(DATA IN THIS EXERCISE):
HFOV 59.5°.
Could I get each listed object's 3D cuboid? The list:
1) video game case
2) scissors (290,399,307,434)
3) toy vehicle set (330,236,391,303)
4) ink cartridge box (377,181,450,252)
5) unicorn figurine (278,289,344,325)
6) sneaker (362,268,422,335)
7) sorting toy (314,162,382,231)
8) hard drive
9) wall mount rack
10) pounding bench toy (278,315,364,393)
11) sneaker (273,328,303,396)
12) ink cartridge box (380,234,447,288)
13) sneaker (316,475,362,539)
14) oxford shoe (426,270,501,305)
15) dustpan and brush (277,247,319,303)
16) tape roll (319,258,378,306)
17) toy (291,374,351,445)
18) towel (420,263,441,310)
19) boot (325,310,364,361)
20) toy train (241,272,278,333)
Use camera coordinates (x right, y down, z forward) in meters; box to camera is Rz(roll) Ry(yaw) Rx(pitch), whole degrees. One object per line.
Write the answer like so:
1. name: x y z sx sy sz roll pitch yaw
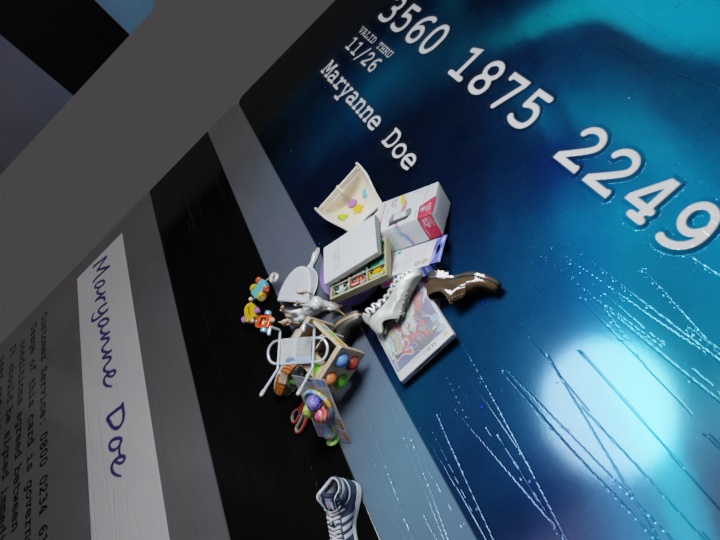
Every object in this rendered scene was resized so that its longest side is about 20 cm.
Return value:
1. video game case: 0.133 0.155 1.609 0.182 0.023 0.202 -43 42 12
2. scissors: -0.137 0.342 1.705 0.073 0.014 0.204 37 101 54
3. toy vehicle set: 0.000 0.000 1.751 0.196 0.026 0.127 -25 48 30
4. ink cartridge box: 0.143 -0.146 1.774 0.195 0.086 0.150 -16 37 30
5. unicorn figurine: -0.145 0.112 1.842 0.198 0.135 0.076 -24 55 44
6. sneaker: 0.095 0.082 1.631 0.201 0.075 0.081 -48 56 10
7. sorting toy: -0.014 -0.197 1.962 0.200 0.107 0.180 -46 50 3
8. hard drive: -0.025 -0.055 1.764 0.197 0.026 0.135 -31 45 30
9. wall mount rack: -0.176 0.224 1.561 0.195 0.074 0.180 -8 71 31
10. pounding bench toy: -0.108 0.255 1.631 0.155 0.123 0.203 37 97 33
11. sneaker: -0.195 0.262 1.817 0.205 0.074 0.092 -65 17 -5
12. ink cartridge box: 0.147 -0.024 1.712 0.196 0.042 0.121 -20 30 33
13. sneaker: -0.054 0.573 1.433 0.069 0.108 0.205 -14 53 32
14. oxford shoe: 0.255 0.051 1.566 0.195 0.073 0.087 -2 62 33
15. dustpan and brush: -0.173 0.013 1.983 0.137 0.057 0.206 2 69 39
16. tape roll: -0.025 -0.001 1.849 0.196 0.066 0.205 -22 49 26
17. toy: -0.105 0.357 1.565 0.113 0.204 0.047 0 34 37
18. towel: 0.149 0.086 1.671 0.141 0.023 0.205 -18 51 31
19. boot: -0.046 0.219 1.715 0.200 0.076 0.141 -44 44 25
20. toy train: -0.306 0.113 2.018 0.147 0.055 0.206 -11 58 33

(EXERCISE INSTRUCTIONS): Counting only lines that contain "object", say how many there are in the material above, and add nothing.

(YOUR RESPONSE): 3